Каркуша почувствовала, с каким трудом дается Веронике каждое слово. Фразы получились какими-то резкими, отрывистыми.

– Надо же, какая редкая специальность! – не смогла сдержать восхищения Каркуша. – Понятно теперь, почему она всю себя работе отдает…

– Да ничего тебе не понятно, – нахмурилась Вероника. – Нет на свете такой работы, ради которой можно забыть самых близких людей! Нет и быть не может! А если уж ты такой работоголик и фанатик, то нечего было детей рожать. Согласна?

– Нет, не согласна, – замотала головой Каркуша. Она привыкла всегда говорить только то, что думает. И потом, почему-то сейчас ей стало вдруг ужасно жаль Вероникину маму, которая посвятила себя такому благородному делу, как служение людям. – Твоя мать спасает людям жизни, она, наверное, вообще света белого не видит… Потому что такая работа требует невероятной концентрации сил… Я смотрела недавно по телевизору репортаж о нейрохирургах. Да ты гордиться должна, что у тебя такая мама… Представляю, как ей должно быть обидно, что родная дочь ее не понимает!

– Кать… – Вероника подняла на Каркушу заблестевшие от слез глаза. – Пожалуйста, не суди о том, чего не знаешь. Я вообще о другом хотела тебе рассказать.

– Рассказывай, – пожала плечами Каркуша. В эту секунду она поняла вдруг, что в замечании Вероники, в котором сквозил упрек, есть определенная доля справедливости. Ведь она, Каркуша, действительно ничего не знает об их взаимоотношениях, а если будет и дальше лезть в бутылку, то никогда и не узнает ничего. – Извини, – пробубнила она себе под нос и повторила: – Рассказывай.

– Я потому хочу тебе об этом рассказать, чтобы ты не думала, что я ненормальная… Это все по поводу мишки… В общем, Паша моя не всегда была такой, какой стала. Было время, когда она вообще месяцами без работы сидела, уборщицей в продуктовом магазине работала, подъезды мыла, я помогала ей…

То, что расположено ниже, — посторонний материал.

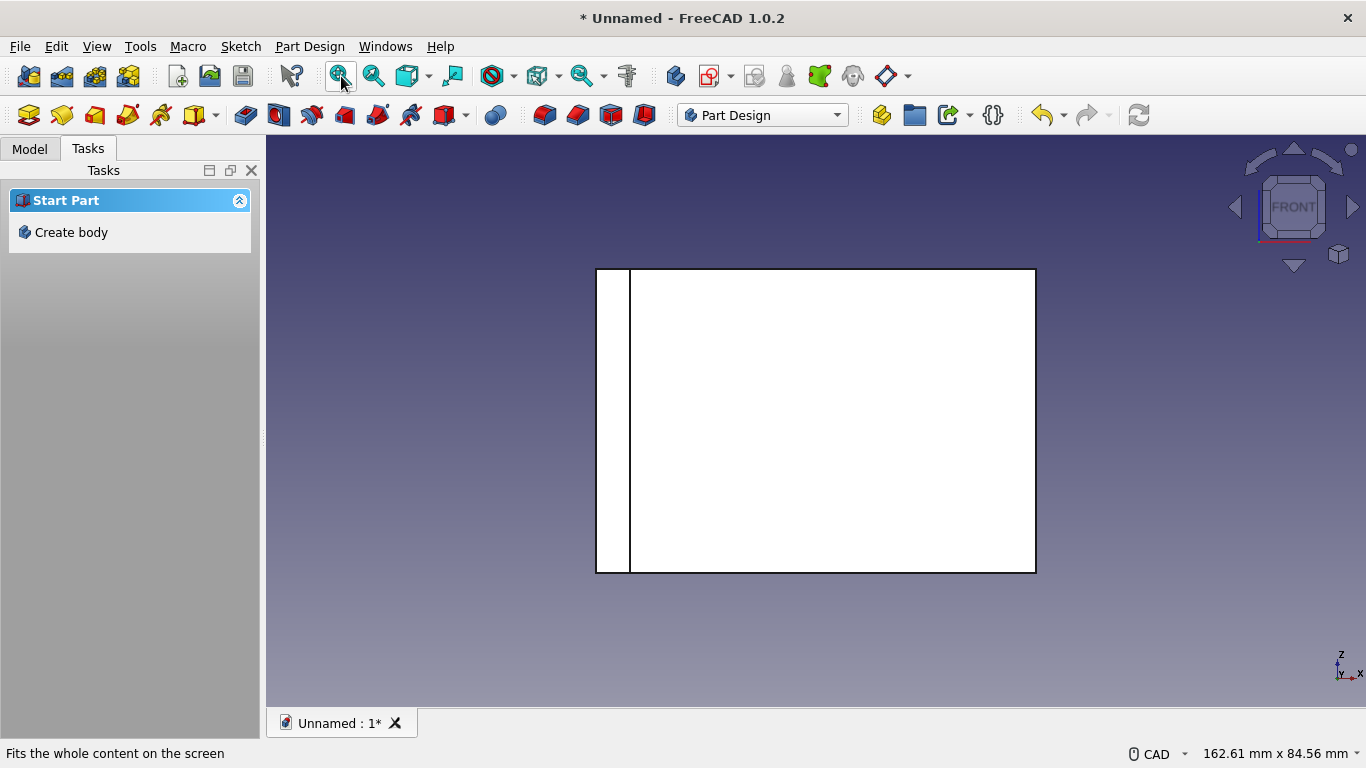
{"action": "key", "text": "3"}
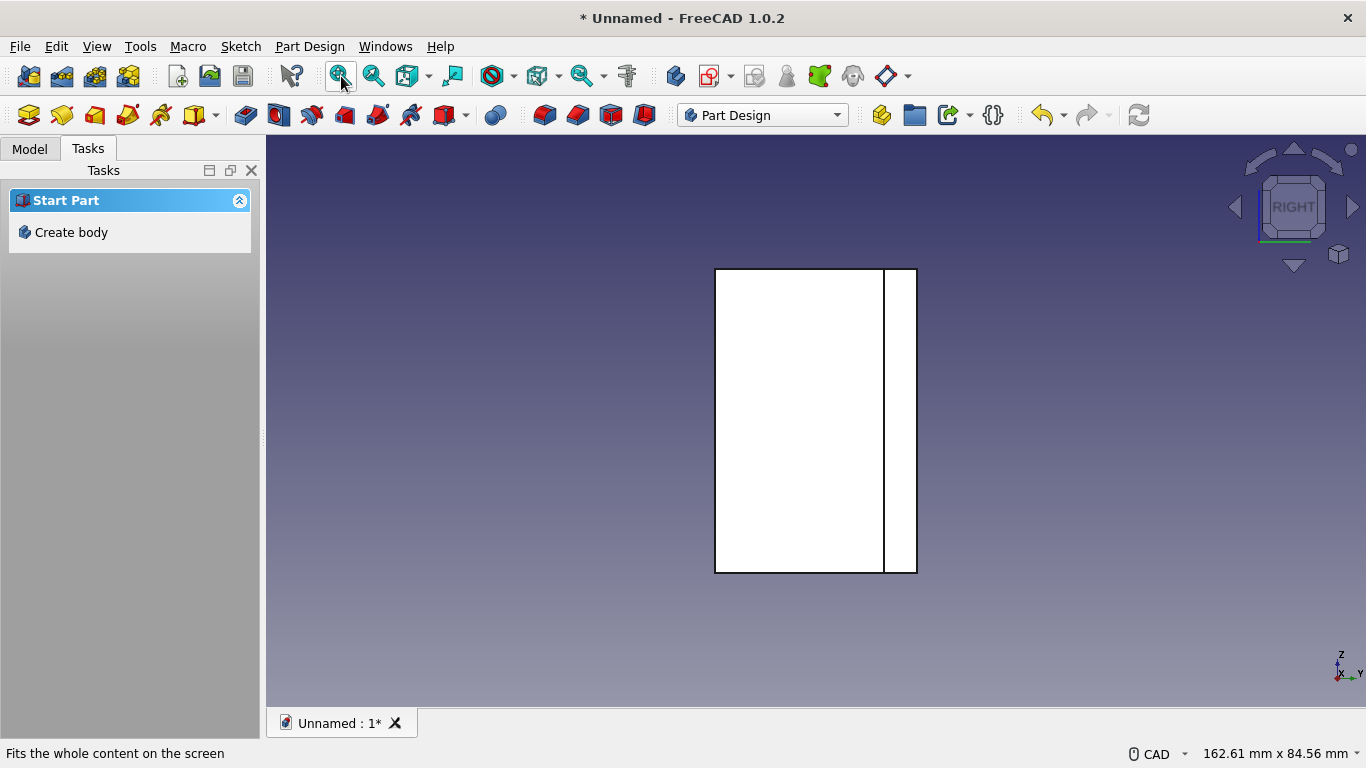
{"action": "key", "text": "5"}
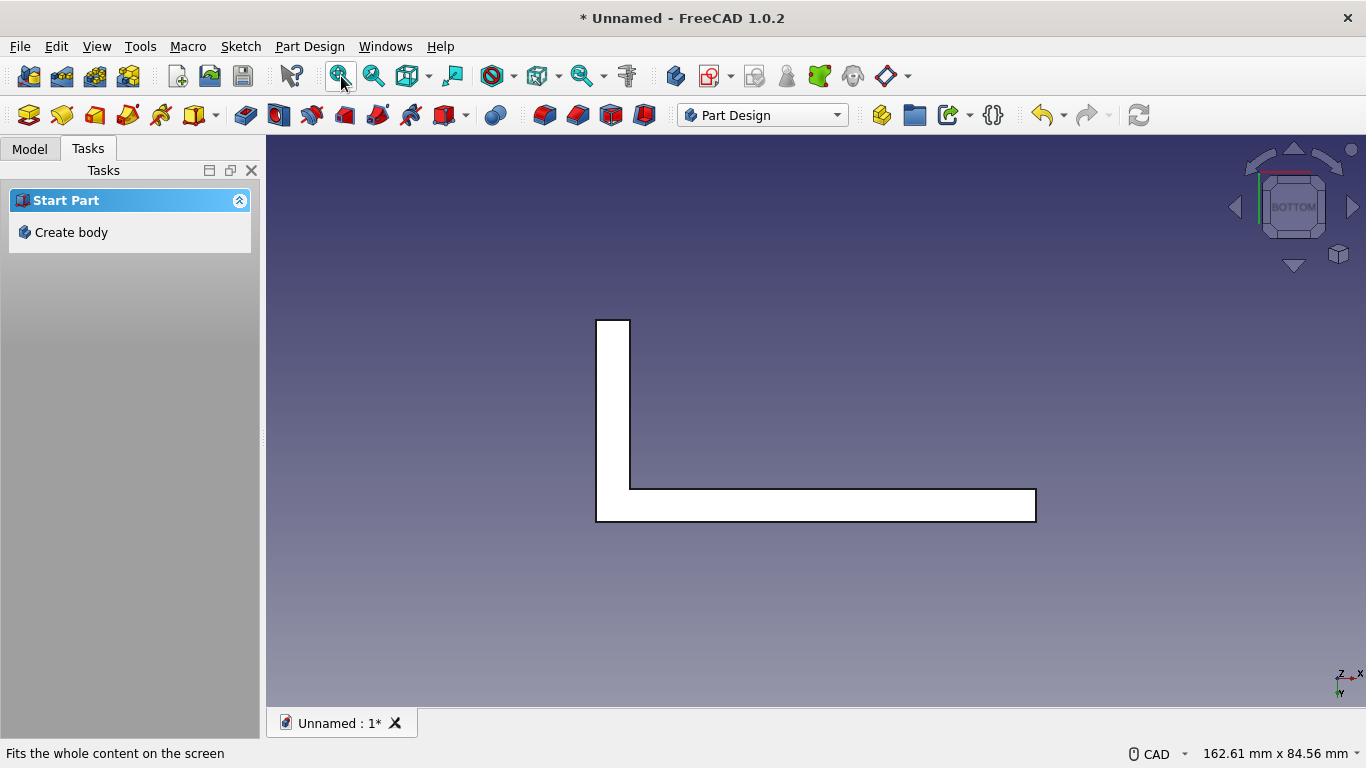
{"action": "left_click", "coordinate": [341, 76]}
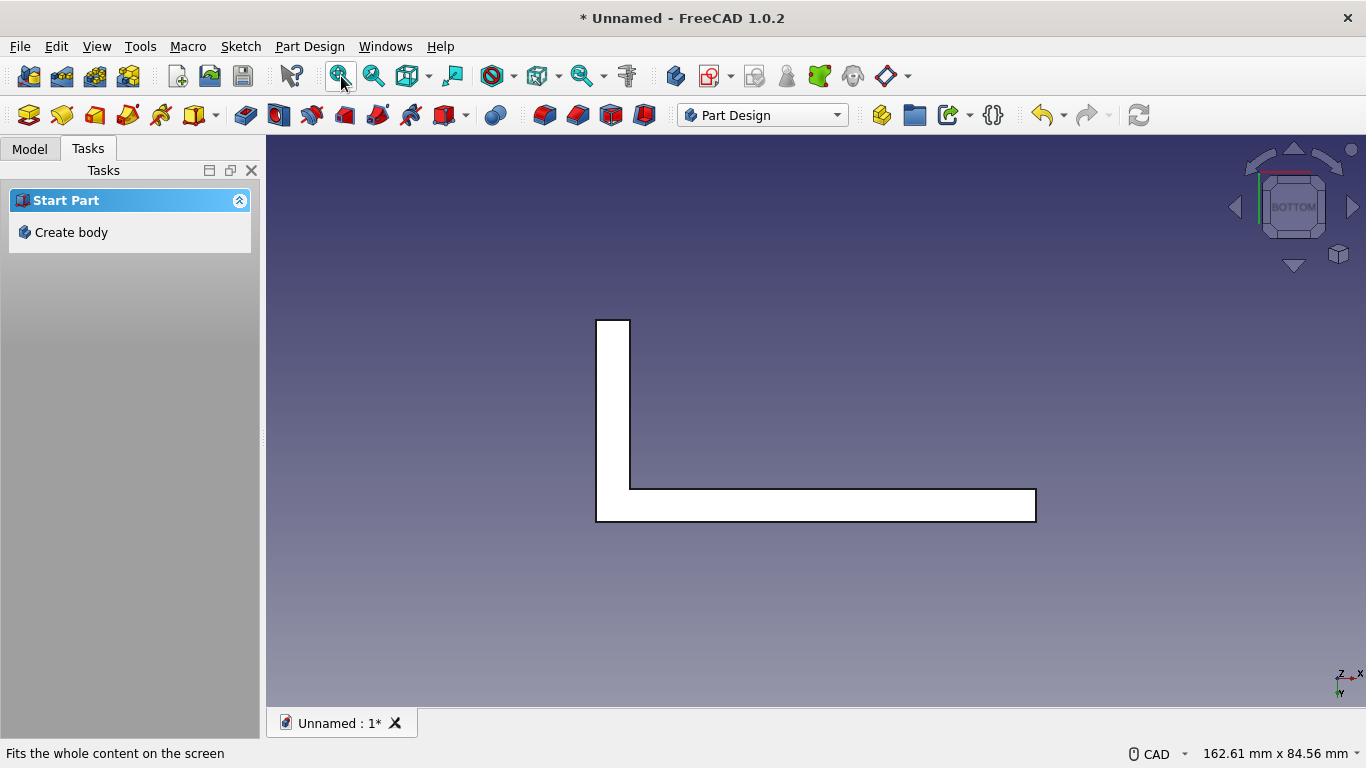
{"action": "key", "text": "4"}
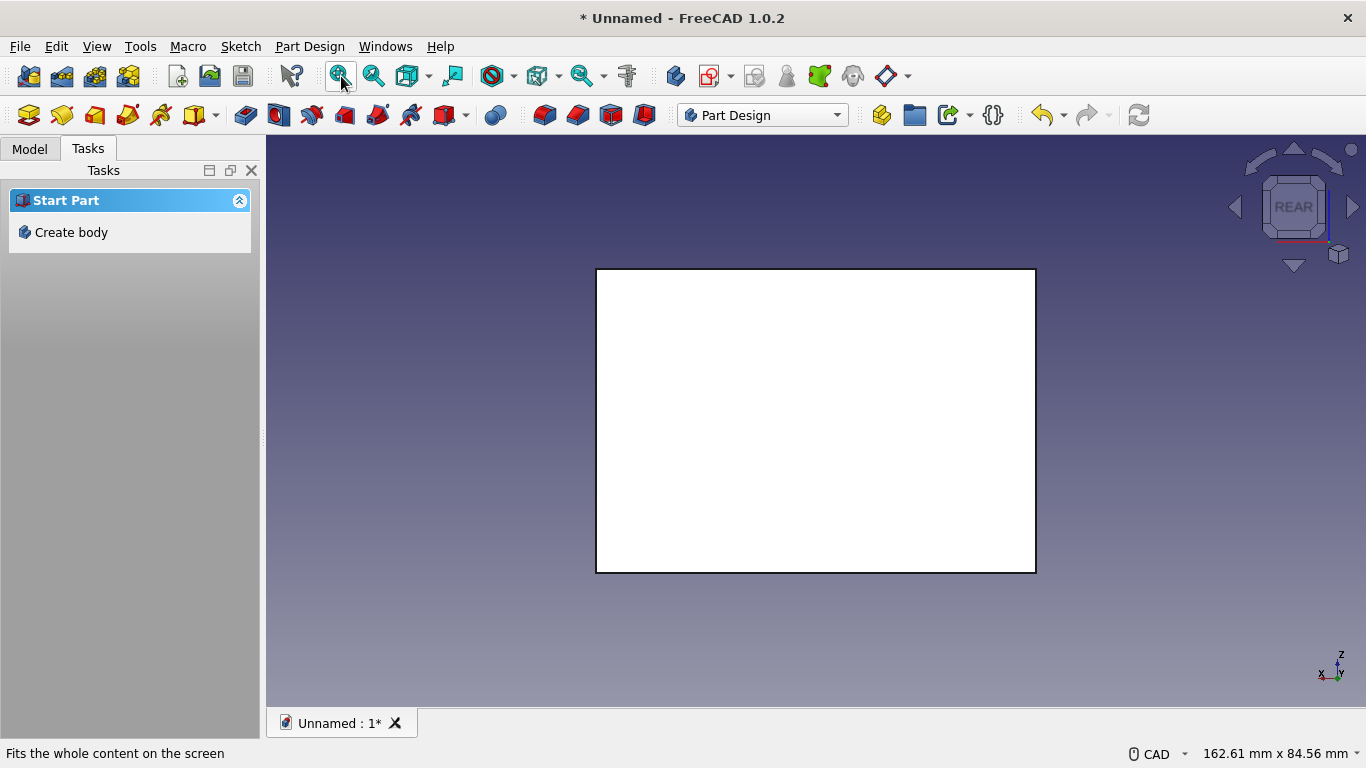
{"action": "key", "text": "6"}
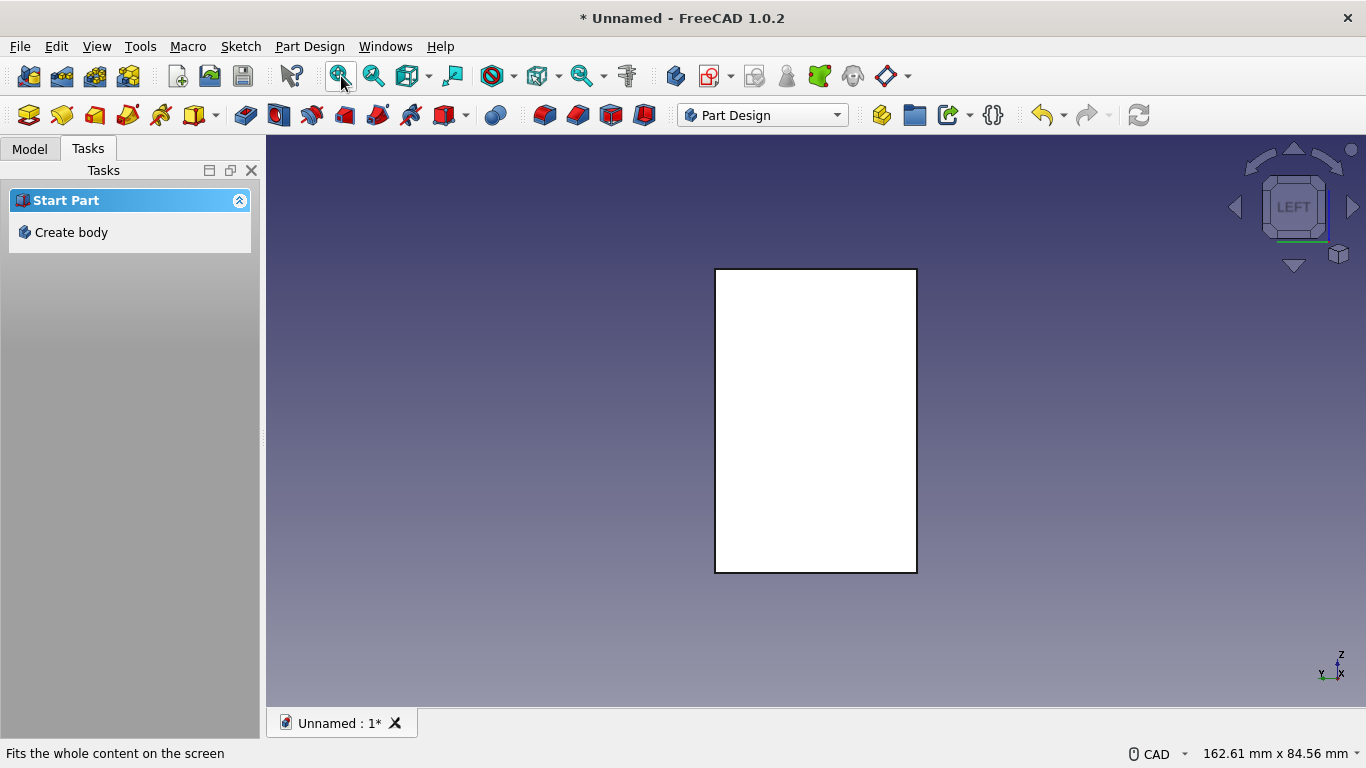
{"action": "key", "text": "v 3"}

– Как такое может быть? – округлила глаза Каркуша. – С такой-то профессией!

– Не перебивай, – мягко попросила Вероника и добавила тихо: – В жизни еще и не такое случается. Так вот… В то время мы с ней подолгу гуляли. Бывало, приду из школы, она меня покормит на скорую руку и говорит: «Лавочка, пойдем побродим». А мы тогда в коммуналке жили на Мойке…

– Так ты из Питера? – так и подпрыгнула на табуретке Каркуша.

– Ну да, – кивнула Вероника. – Из Питера. Короче, жили мы с Пашей и Снежком в огромной коммуналке. Семеро соседей, представляешь, общая кухня, один туалет, у каждого свой выключатель, туалетную бумагу в комнате отматывали… Ну ладно, не об этом речь…

– А теперь у вас что, другая квартира? – снова влезла с вопросом Катя.

– Что ты! – всплеснула руками Вероника. – Сто пятьдесят квадратных метров, на Васильевском, джакузи, все дела, в кухне пол с подогревом, евроремонт…

– Неужели нейрохирурги так много зарабатывают? – уже в который раз перебила Каркуша.

– Я же тебе говорю, – раздраженно махнула рукой Вероника, – дела у моей Пашутки резко в гору пошли. Нет, похоже, я не смогу до сути добраться, – сказала она, хлопнув ладошкой по столу.

– Ну все, все, молчу! – поспешила заверить ее Катя. – Больше ни разу не перебью, вот увидишь. Ты остановилась на коммуналке.

– Ну да… Но рассказать-то я тебе хотела про наши прогулки. Короче, в Питере можно часами по улицам бродить, и скучно не будет. А Паша, она еще так интересно обо всем рассказывает. Мне казалось тогда, нет такой улицы в городе, которой бы она не знала. А Питер – это же вообще огромный музей под открытым небом.